For solicitor Emma Gilmour, 38, having one or two children was never a choice — because when the time came, she gave birth to triplets.
"It was a surprise, especially as I was initially told I was expecting twins," said Emma, whose daughters Eve, Grace and Lily are now aged six.
"When we thought there were two babies, everyone was really positive and said 'how lovely'. When it turned out to be three, the attitude changed and it was, 'how will you cope, you poor thing'."
But cope she did. For Emma, who was studying to qualify as a lawyer when she had the girls, managed to secure the highest marks among more than 1,400 full and part-time students at the country's biggest law college.
Now a part-time solicitor at Morgan Cole in Oxford, she says the early years were the hardest.
"I think life is easier if you have two children, because everything is geared up for that number," she said.
"When you have triplets, everything is specialist and you end up having to look on American websites because they are the only ones who cater for it.
"The price of a buggy suddenly goes up from £200 to £800 when you have three. Only one supermarket near me has a shopping trolley with three baby seats.
"I can't take the girls swimming on my own because you are only allowed to take two children."
But Emma, who lives in Chilton, near Didcot, with husband Stan, says she believes the children benefit from being triplets.
"The girls learnt to ride their own bikes really early on because I made everything a competition," she said. "They can swim and they get on really well. They also have permanent playmates."
IT manager Natasha Heaton says she was a teenager when she first realised she would like to have three children. “I think it is because I came from two and quite liked the idea of being one of three,” said the 37-year-old mother of Scarlett, six, Indianna, three, and ten-month-old Delphine.
“After I had Indianna, I didn't feel glad the baby years were over — and now I know I don't want another baby.
“Having three makes you realise you can't do everything on your own — you definitely need your partner to help. Shopping is impossible with a pushchair, a basket and trying to keep an eye on two other children. I now do most of it online.
“And why do shops often keep children's shoes and maternity clothes upstairs? Childcare is very expensive too. Luckily, where I work the childcare is hugely subsidised.”

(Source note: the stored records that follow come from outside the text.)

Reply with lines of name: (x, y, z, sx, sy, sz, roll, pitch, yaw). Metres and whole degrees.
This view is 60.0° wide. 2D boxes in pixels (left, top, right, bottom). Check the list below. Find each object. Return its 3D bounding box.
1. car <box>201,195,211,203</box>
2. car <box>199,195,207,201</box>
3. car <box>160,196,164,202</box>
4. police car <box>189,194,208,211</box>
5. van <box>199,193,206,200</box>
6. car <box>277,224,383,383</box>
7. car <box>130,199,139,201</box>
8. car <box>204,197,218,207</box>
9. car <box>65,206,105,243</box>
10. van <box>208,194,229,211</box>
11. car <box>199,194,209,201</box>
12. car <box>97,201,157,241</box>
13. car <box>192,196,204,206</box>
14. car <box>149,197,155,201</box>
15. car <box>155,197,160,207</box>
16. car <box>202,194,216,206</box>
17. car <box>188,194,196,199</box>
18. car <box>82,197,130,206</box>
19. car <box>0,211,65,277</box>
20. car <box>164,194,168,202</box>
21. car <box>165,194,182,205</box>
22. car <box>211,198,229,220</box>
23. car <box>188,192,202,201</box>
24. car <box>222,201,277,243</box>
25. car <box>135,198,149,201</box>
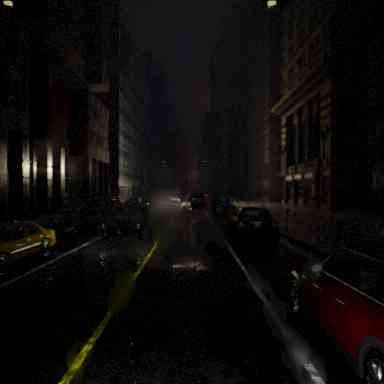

But Natasha, who lives with James, an information security consultant, in Wantage, says she believes having three children has changed her personality — for the better.
“I am very ordered, so at first the chaos-thing didn't work particularly well for me,” she said. “But having the children has meant I have had to relinquish control and I think that is a good thing, because it has made me more relaxed.”
And she believes the best is yet to come. “I think they are going to have a fantastic time. Being sisters is something really special — it is a relationship you just don't have with anybody else.”